Sylvia Lieberman became an entrepreneur in fall 2007 when she was 90. This is when she realized her dream of having her first children’s book published. So why not start a company to author and promote the book?

Archibald”s Swiss Cheese Mountain is an award-winning book about a little mouse with a big heart who teaches children how to reach their big dreams. Not only is she an entrepreneur, but a philanthropic one! A portion of the proceeds goes to two children’s charities.

Despite her age, Sylvia works tirelessly promoting her book at book-signings and readings, TV appearances, radio and print interviews, and even appeared on a float in a parade. And all these efforts increase the amount she donates to charities.


3 thoughts on “5 Successful Entrepreneurs Who Started Late In Life”

  1. Thank you. This is an important post as I am seeing more and more corporate refugees, a term I use for individuals in their 50’s who for one reason or another are no longer working for a corporation, struggle with what to do. Not only is there “life” after the corporation, there is an exciting life ahead. Great post.

    1. Tony – That is a great point. A lot of people are being pushed out of the corporate world, and prematurely. As we get older, I believe it gets scarier and scarier to try to launch something. I know it has for me. Do you have a similar experience?

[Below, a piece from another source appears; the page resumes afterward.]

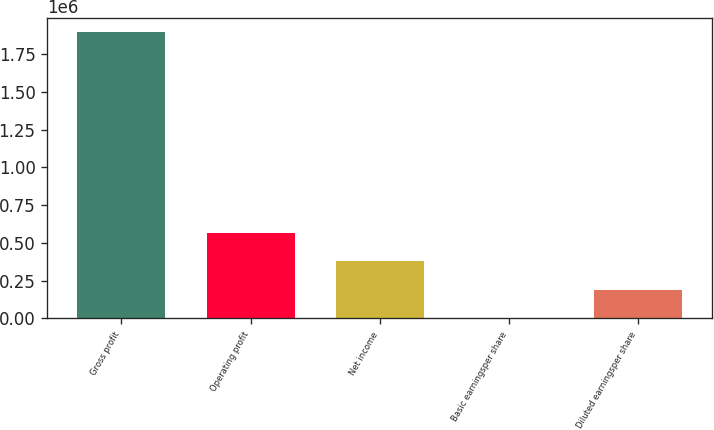Convert chart. <chart><loc_0><loc_0><loc_500><loc_500><bar_chart><fcel>Gross profit<fcel>Operating profit<fcel>Net income<fcel>Basic earningsper share<fcel>Diluted earningsper share<nl><fcel>1.89506e+06<fcel>568519<fcel>379013<fcel>1.26<fcel>189507<nl></chart>

      1. I do. I left the corporate world volunratarily in 2005 (age 59) and started a consulting company. What I missed most (I was a solo consultant) was the intellectual stimulation and association with others. So I merged my company with another consulting company. It’s better.
        What we find is that some corporate refugees (whether they left voluntarily or not), tend to bring with them the corporate mindset. Probably the most troubling for some of them is the belief that the peers, subordinates and vendors (especially vendors) who they thought were good friends really weren’t. The tough part is the transition from corporate mindset to entrepreneurial mindset. Some can’t seem to do it, while others, after initially struggling, “come alive”.
        This is going to be an exciting time as the baby boomers find out that what was once their dream (retirement), in reality can be an intolerable situation.